They certainly are finely made machines. I spent a lot of time behind my Crown Graphic in the 70's and 80's and could only dream of owning a Linholf. Raising 4 kids surely put my photography on a shoestring budget and there weren't many Linholf's around back then that fell between zero dollars and nothin'. At some point I ran across the Calumet and really thought it would be nice to go beyond the very limited movements of the Crown. Well, the idea sat in the closest until I recently sold it. No more then a week or two later, I'm breezing though the pages of eBay, and ran across the Linholf. After almost a week of the discussion that always started with "Yeah but honey, this is a linholf....", I bought it. It's amazing how nicely it fits in the hole opened by the missing Calumet. The other amazing thing is how good of memory the wife has.:er: Then comes the "Yeah but honey, this is a Rollei" conversation. Good thing I got a small dog and a big dog box 

It may just be another dream but I'm retiring in 6 years. Life will slow down and I'll have all the time in the world to "play". I'm Seriously hoping to open a permanent DR again. The money I'm making now will dry up the day I walk out that door, but then I'll have all  the required gear. I'll just need film and Chemicals. I certainly have all the formats covered so that won't be a excuse.

One last note: Through all of my "needs", the wife goes out and buys me the Fd for Christmas.
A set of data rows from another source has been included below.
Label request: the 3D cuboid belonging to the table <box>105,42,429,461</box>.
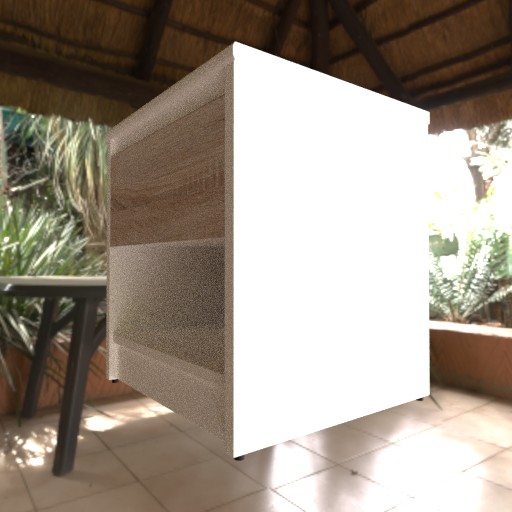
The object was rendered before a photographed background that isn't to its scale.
[{"bbox_3d":[0.000,0.000,0.760,0.380,0.460,0.420,1,-1,-37],"label":"table"}]
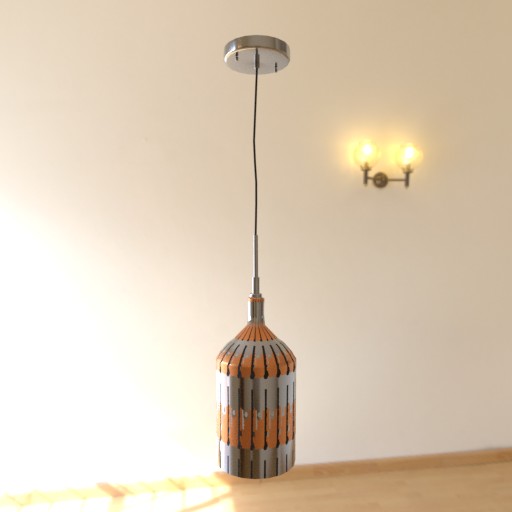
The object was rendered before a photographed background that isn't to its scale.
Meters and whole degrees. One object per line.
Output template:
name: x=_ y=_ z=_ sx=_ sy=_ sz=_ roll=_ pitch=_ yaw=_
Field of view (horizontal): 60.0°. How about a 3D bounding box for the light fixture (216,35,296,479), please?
light fixture: x=0.000 y=0.000 z=1.668 sx=0.303 sy=1.535 sz=0.303 roll=0 pitch=1 yaw=0

I'm a pretty luck guy.




timor said:


> Derrel said:
> 
> 
> > Rick,Rick,Rick...it's high time to bust out some sheet film holders and load 'em up and high-tail it back there...Linhof in tow!
> ...


Hey timor, you can meet us there, because I'm inviting Derrel and his rig to the same party


----------



## timor (Apr 15, 2014)

Rick58 said:


> Hey timor, you can meet us there, because I'm inviting Derrel and his rig to the same party


 Thanks for invitation. I wish I can come...


----------



## vintagesnaps (Apr 15, 2014)

Nice photo, great subject.This looks good in B&W I think since it has a geometric pattern to it. 

I'd try some different vantage points, walking up and down the slope and see where you can 'move' those cars (well, whatever cars may be parked there another day - maybe the same ones?!). The white one really stands out, and it's in front of two different buildings, I'd think about where you want it in your picture since it's part of the composition.

Or maybe trying getting on the ground to see from that perspective if you can get the cars out of the frame altogether. Next time you go make sure you lug plenty of equipment up and down that hill! lol


----------